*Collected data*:
########################################

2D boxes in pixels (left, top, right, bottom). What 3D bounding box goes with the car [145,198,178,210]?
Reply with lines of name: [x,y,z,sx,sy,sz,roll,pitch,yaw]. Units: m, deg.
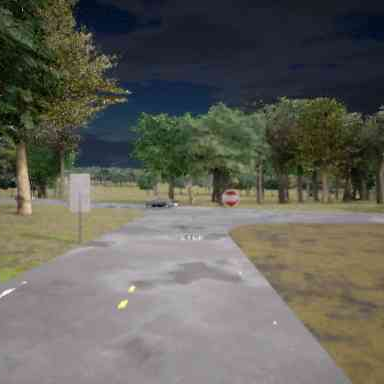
car: [-4.018,1.519,44.252,4.902,1.511,2.128,0,0,35]

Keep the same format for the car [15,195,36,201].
car: [-31.883,1.053,63.570,4.892,1.490,1.837,1,1,35]
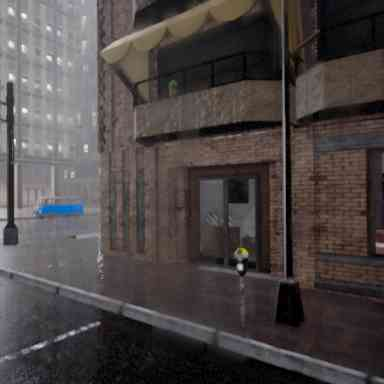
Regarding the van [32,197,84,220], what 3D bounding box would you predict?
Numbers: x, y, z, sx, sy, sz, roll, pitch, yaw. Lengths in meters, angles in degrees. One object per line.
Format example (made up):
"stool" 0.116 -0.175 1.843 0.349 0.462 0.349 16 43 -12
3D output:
"van" -10.852 1.294 27.187 1.690 1.788 3.998 -1 -1 36

########################################

*Problem details*:
Please give again the entries word for word, starting at the first line and ending with the line that contains "Regarding the van"; include both of those lines but none of the pictures.

*Task answer*:
2D boxes in pixels (left, top, right, bottom). What 3D bounding box goes with the car [145,198,178,210]?
Reply with lines of name: [x,y,z,sx,sy,sz,roll,pitch,yaw]. Units: m, deg.
car: [-4.018,1.519,44.252,4.902,1.511,2.128,0,0,35]

Keep the same format for the car [15,195,36,201].
car: [-31.883,1.053,63.570,4.892,1.490,1.837,1,1,35]
Regarding the van [32,197,84,220], what 3D bounding box would you predict?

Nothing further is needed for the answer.